We have already been asked to make Flite much smaller. By moving to spike excite LPC or similarly encoding the residual into a smaller form, we can reduce the size of the diphone database to 423 kilobytes from 2.1 megabytes. Removing certain diphones is also possible as not all diphones are distinct, e.g a vowel going into different stops are often close enough to be rendered with the same diphone. We can probably encode the LPC coefficients by quantizing them and our other work is already looking at acoustic modeling to find acoustically distinct units so that much smaller databases than a standard diphone set will be possible. Though of course there will be the consequence of degraded quality.
The lexicon is still the largest single item, but we can prune the exception list aggressively reducing the lexicon footprint to a few hundred kilobytes. However, this probably deserves more study.
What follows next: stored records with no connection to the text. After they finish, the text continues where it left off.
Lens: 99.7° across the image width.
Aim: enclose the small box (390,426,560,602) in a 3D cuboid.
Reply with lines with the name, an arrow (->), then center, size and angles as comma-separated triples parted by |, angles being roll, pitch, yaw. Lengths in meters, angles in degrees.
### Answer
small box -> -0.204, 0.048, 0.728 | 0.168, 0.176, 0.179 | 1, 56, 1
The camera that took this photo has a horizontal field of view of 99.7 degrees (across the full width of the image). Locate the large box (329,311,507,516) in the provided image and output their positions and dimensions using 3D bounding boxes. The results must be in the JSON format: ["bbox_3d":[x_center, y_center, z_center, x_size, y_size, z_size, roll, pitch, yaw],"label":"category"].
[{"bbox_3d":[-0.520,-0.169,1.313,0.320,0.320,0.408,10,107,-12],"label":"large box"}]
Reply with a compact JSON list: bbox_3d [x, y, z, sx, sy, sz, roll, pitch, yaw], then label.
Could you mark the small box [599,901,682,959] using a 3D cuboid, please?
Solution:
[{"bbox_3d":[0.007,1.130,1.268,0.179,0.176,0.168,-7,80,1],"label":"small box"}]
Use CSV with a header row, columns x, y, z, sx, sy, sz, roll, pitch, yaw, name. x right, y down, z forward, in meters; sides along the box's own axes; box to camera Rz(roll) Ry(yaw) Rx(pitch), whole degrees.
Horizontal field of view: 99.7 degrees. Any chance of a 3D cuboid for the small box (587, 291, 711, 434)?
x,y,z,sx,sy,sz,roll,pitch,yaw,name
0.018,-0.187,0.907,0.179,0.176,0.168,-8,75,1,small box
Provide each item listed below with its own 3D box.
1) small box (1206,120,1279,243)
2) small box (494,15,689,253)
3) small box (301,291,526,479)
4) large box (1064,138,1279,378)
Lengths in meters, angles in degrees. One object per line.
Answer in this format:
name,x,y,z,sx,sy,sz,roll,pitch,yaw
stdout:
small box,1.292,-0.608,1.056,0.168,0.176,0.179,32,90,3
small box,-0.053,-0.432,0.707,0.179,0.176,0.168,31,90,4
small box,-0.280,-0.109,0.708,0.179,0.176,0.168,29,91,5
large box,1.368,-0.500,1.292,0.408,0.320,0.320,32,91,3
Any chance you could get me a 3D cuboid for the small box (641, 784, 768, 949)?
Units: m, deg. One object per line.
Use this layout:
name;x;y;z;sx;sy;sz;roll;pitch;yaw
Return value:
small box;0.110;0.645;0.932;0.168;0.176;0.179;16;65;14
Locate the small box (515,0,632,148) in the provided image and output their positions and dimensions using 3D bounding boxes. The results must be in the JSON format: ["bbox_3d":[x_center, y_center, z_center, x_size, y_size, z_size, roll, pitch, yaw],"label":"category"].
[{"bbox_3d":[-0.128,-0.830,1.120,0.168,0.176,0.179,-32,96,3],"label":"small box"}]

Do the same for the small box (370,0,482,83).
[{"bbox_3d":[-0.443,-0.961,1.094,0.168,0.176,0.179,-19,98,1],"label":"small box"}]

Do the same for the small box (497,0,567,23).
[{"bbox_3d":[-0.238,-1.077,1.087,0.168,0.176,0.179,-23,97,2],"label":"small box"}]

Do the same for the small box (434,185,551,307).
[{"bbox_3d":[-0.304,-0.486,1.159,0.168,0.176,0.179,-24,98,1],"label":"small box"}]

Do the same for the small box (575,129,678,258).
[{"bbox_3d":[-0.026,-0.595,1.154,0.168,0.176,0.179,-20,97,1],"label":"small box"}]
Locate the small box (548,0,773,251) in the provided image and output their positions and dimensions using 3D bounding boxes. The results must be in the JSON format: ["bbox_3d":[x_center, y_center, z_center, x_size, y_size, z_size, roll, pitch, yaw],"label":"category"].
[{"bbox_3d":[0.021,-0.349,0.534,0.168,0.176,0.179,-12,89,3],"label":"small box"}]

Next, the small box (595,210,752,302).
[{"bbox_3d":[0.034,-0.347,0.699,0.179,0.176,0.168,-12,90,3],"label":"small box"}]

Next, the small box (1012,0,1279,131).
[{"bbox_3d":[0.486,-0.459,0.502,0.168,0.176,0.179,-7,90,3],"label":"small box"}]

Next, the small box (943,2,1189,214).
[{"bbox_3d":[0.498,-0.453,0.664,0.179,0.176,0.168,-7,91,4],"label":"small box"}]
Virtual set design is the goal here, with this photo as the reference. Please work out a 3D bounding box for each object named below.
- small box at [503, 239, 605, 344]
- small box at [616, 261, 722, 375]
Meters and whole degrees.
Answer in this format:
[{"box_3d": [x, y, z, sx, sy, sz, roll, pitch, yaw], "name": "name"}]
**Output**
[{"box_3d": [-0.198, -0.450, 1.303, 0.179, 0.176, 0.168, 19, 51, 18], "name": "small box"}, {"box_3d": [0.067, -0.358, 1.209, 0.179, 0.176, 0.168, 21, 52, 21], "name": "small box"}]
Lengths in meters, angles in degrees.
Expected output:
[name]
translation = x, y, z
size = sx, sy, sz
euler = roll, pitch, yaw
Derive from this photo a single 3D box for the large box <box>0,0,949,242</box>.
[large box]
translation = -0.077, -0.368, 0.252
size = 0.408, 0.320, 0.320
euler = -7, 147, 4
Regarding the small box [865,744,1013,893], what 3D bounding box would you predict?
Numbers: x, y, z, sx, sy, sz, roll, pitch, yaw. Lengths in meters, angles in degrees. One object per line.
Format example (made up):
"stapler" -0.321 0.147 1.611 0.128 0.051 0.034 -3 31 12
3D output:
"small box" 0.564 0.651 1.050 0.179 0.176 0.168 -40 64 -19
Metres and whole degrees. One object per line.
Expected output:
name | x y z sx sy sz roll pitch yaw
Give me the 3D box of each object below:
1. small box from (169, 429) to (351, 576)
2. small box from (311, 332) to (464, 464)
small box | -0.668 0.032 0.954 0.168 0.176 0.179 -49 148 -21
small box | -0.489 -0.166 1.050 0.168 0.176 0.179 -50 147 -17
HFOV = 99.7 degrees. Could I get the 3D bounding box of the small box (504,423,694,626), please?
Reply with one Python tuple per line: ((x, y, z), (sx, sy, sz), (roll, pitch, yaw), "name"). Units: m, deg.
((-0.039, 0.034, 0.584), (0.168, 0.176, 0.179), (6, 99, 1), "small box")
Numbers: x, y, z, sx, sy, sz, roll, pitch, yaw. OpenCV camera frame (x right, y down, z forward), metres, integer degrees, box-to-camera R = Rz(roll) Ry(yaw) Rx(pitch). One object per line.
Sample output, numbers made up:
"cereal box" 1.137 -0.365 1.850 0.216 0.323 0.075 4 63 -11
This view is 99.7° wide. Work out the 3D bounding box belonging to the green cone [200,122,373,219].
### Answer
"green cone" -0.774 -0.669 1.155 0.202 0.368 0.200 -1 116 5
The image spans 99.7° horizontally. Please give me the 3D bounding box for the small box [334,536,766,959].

Tailoring the lexicon to the domain the application to run in is always a good thing to do.
With our present models and techniques we know we can make a full synthesizer with a footprint of 512K for code and data and use less than 512K of memory (assuming streaming synthesis). Though there are still requests for smaller footprints especially with respect to RAM requirements as battery power for RAM is expensive and some embedded systems have as little as 2K of memory, and if we wish to deliver speech synthesis in games, toys etc. meeting such targets would be good. Although we have not looked closely at this, we feel Flite is a basis from which to approach this problem.